Instructions to follow: Your copy should match the entries exactly, except that it holds no pictures.

Data provided:
----

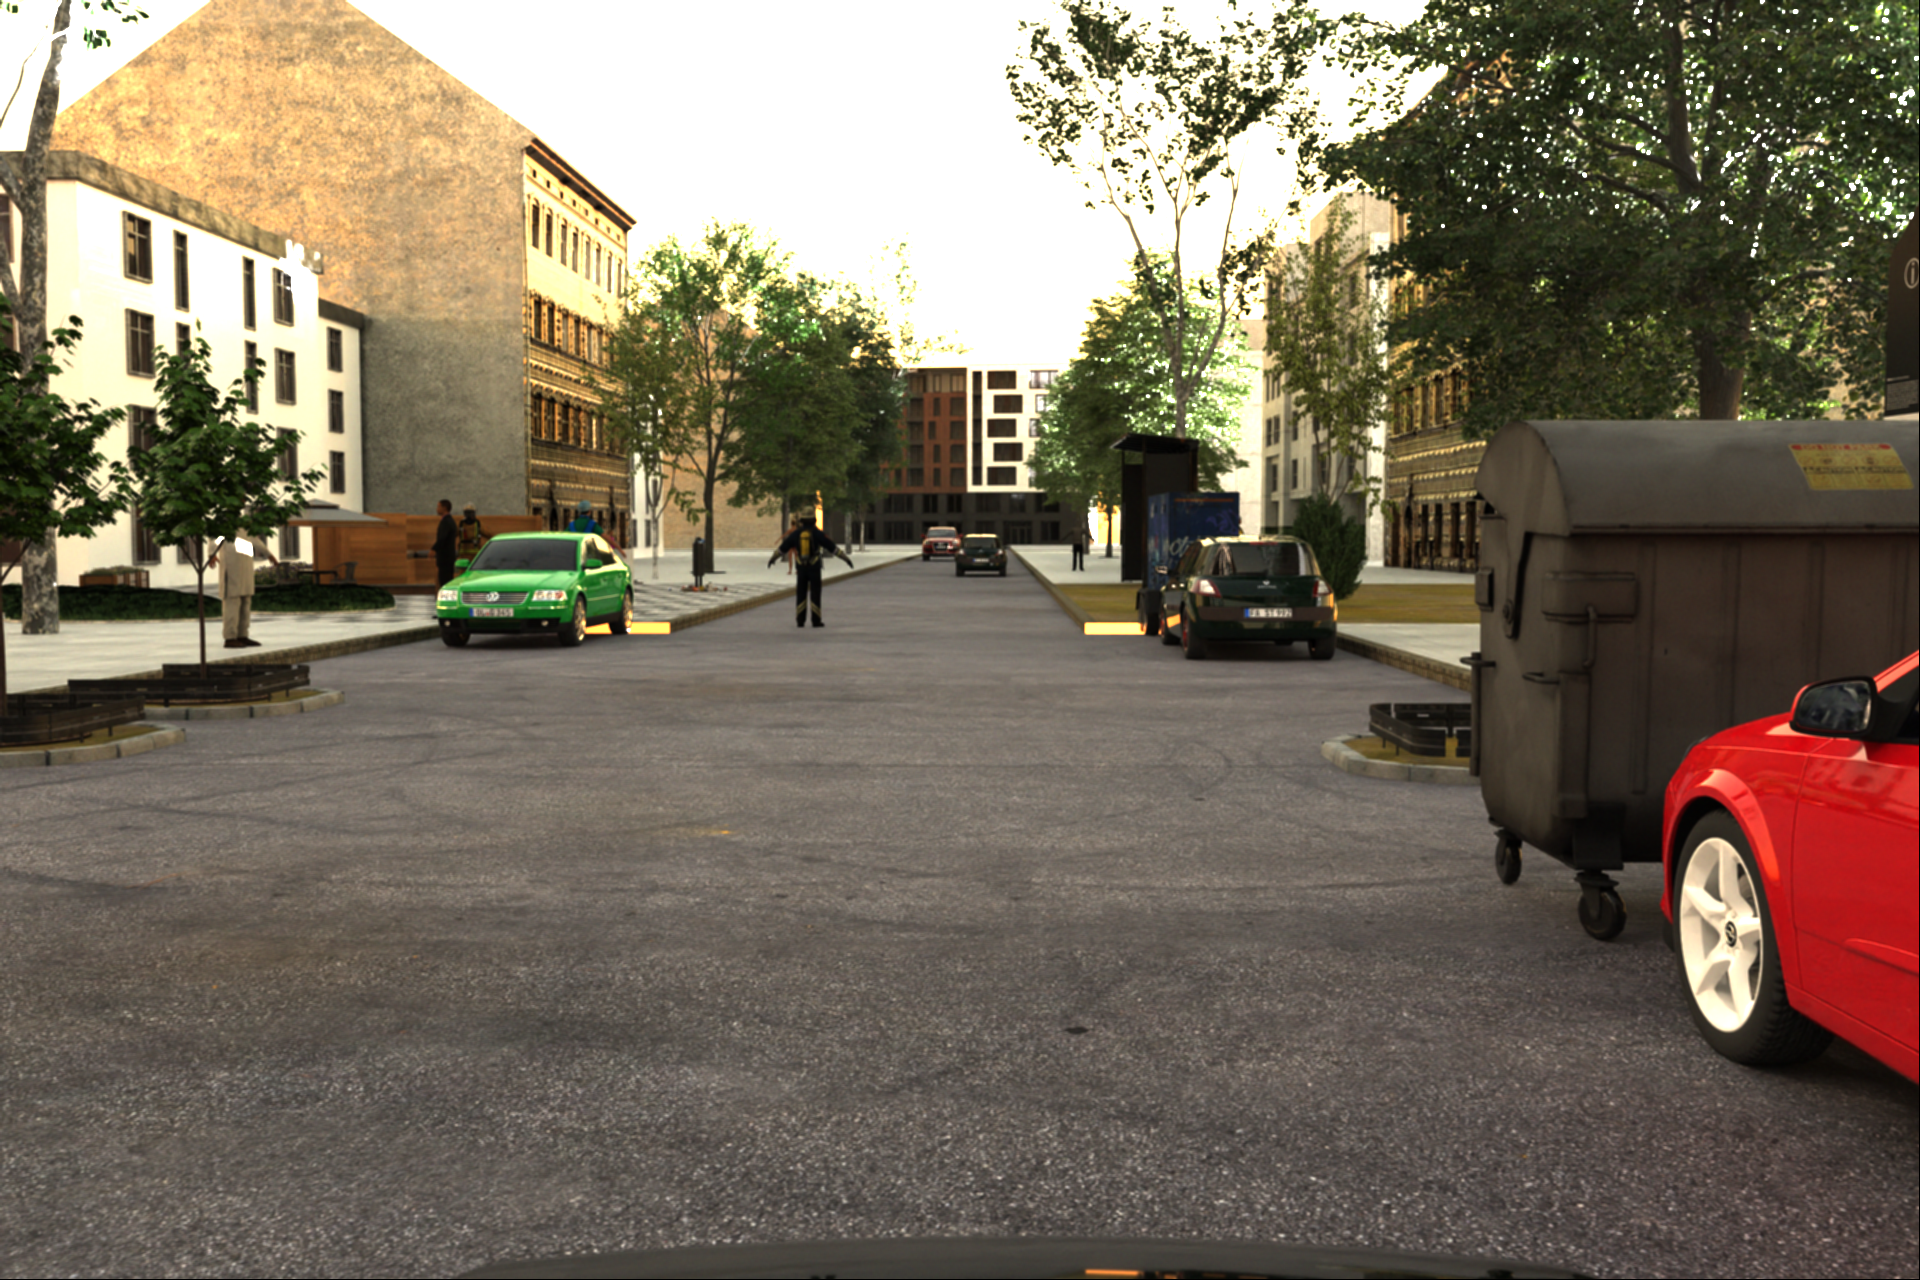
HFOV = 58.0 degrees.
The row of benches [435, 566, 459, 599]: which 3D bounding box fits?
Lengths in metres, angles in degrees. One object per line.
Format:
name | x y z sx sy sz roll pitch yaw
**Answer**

----

Your response:
HFOV = 58.0 degrees.
The row of benches [435, 566, 459, 599]: which 3D bounding box fits?
Lengths in metres, angles in degrees. One object per line.
Format:
name | x y z sx sy sz roll pitch yaw
**Answer**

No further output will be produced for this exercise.